The combination of increased natural gas use, energy efficiency and renewable energy has reduced the nation’s carbon emissions to their lowest levels since 1994, Wyden said, emphasizing the need to make sure hydraulic fracturing is environmentally sound.
“Abundant, low cost natural gas also provides our country with a competitive advantage over competitors in Europe and Asia whose costs are four or five times the costs of our manufacturers,” he said.
Poneman acknowledged that natural gas has proved to be “a game changer for this country,” jumping from 2 percent of the nation’s energy source to 35 percent in a short period of time.
“We are investing in the R&D where it’s helpful,” Poneman said. “There is leverage in the fact that we are not doing this alone,” maintaining that the agency is teaming up with the Environmental Protection Agency and the Department of the Interior to deal with fracking.
“We are making hard decisions on where the dollars go but I want to assure you that the dollars we have dedicated to this technology we believe are the right dollars,” he said.
Murkowski was equally perplexed by the department’s approach to hydropower, saying it was among the “forgotten renewables” that never received sufficient funding from DOE. The potential, she said, “is so untapped” yet “it doesn’t seem like a priority.”
Poneman said the proposed budget actually increases funding for hydropower development.
“It still looks pretty meager when you compare it to wind and solar,” Murkowski said.

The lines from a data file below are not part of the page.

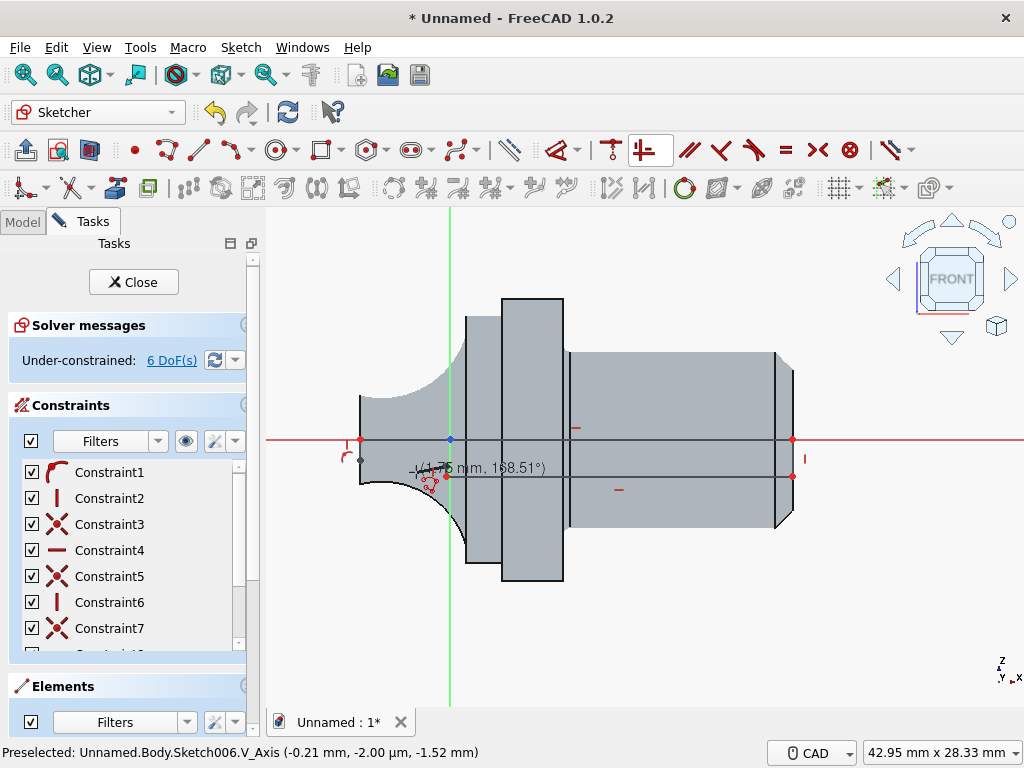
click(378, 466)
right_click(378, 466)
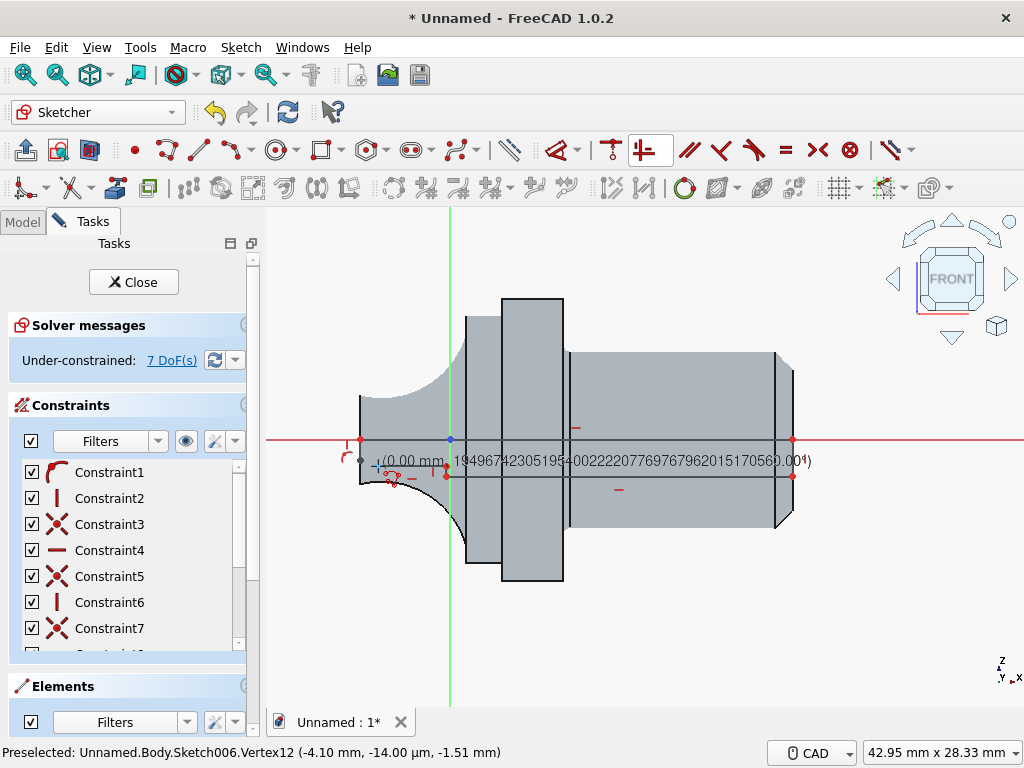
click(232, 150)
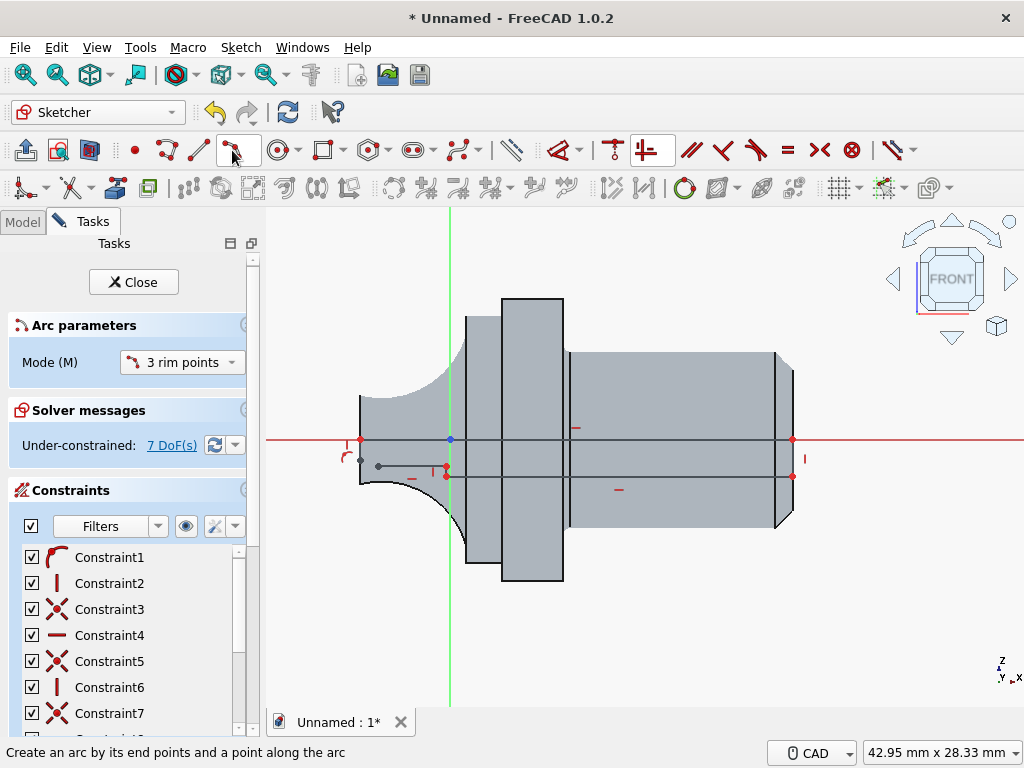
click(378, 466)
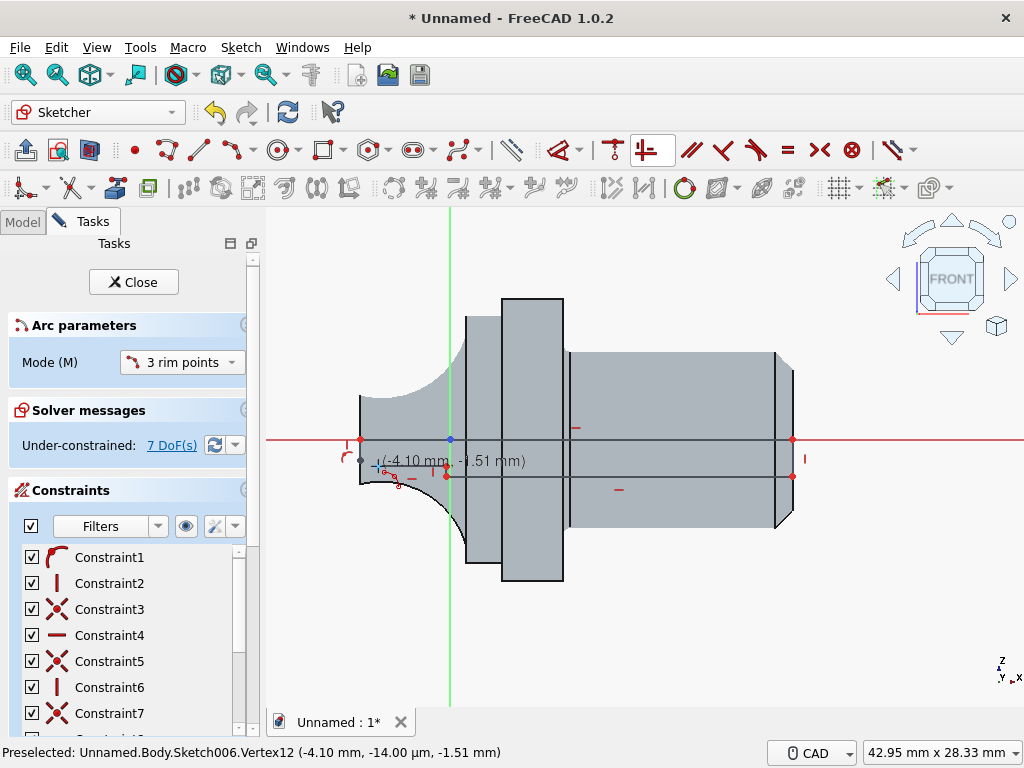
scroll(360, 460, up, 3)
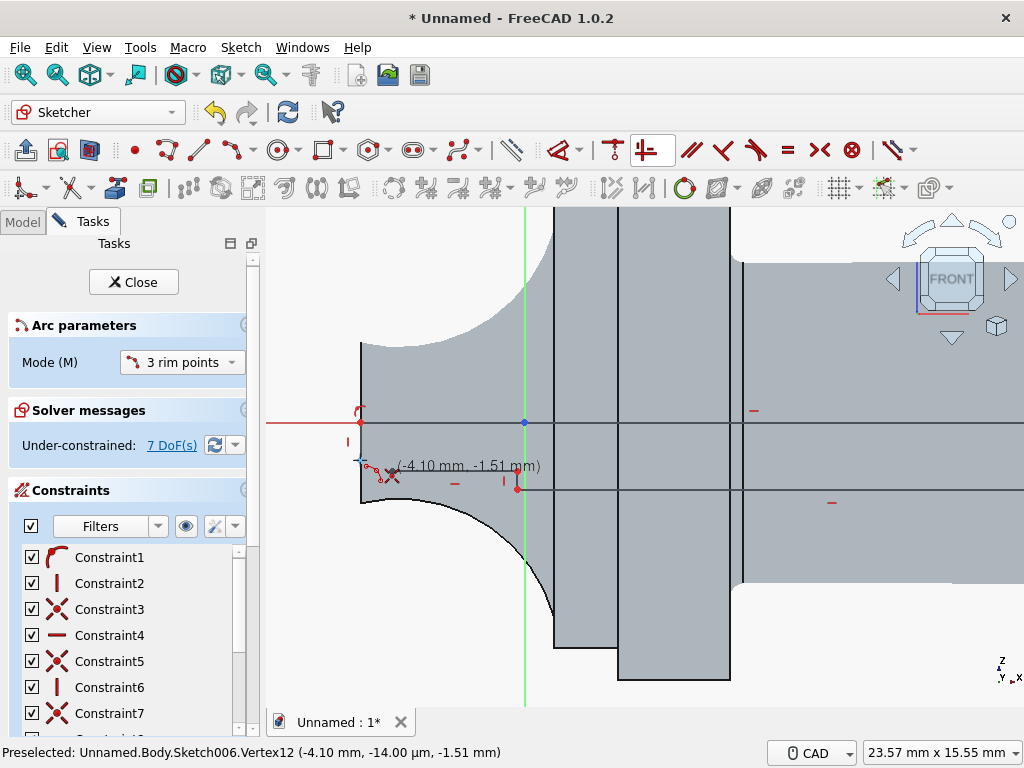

Also on Thursday, the committee in a 21-1 vote approved and sent to the Senate floor the nomination of Dr. Ernest Moniz, a Massachusetts Institute of Technology physicist, to serve as the nation’s 12th secretary of Energy, succeeding Steve Chu, who resigned.
In an unusually quick session, Wyden said Moniz, the subject of a confirmation hearing last week, is “more than up to the challenge” of wrestling with the nation’s energy needs, noting that he will use “the best science and the most current data in considering the issues.”
Moniz, Wyden said, might actually be the first energy secretary, should he be confirmed, “who instead of having to confront energy shortages and scarcity would instead oversee an era of abundant carbon reducing natural gas and dramatic growth of renewable energy technologies.”
Murkowski urged other Republicans on the panel to support Moniz.
“I think he will focus on an energy policy that is affordable, abundant, clean, diverse and secure,” she said. “He recognizes that energy is good. He’s thoughtful, he’s considered.”
The lone holdout was Sen. Tim Scott (R-S.C.), who expressed concern that the administration’s plan to cut funding for a project to transform plutonium into nuclear reactor fuel will adversely affect his state.
“As his resume indicates, Dr. Moniz is a well-educated and experienced nominee. However, his lack of clarity on the future of the MOX program – a project critical to South Carolina and to the safe disposal of 34 tons of weapons grade plutonium, in keeping with our international treaties – led me to a ‘no’ vote today,” Scott said. “Clarity is something all too rare in Washington, and, as of today, Dr. Moniz’s position on the future of the MOX program is murky at best. Given what is at stake, that is unacceptable.”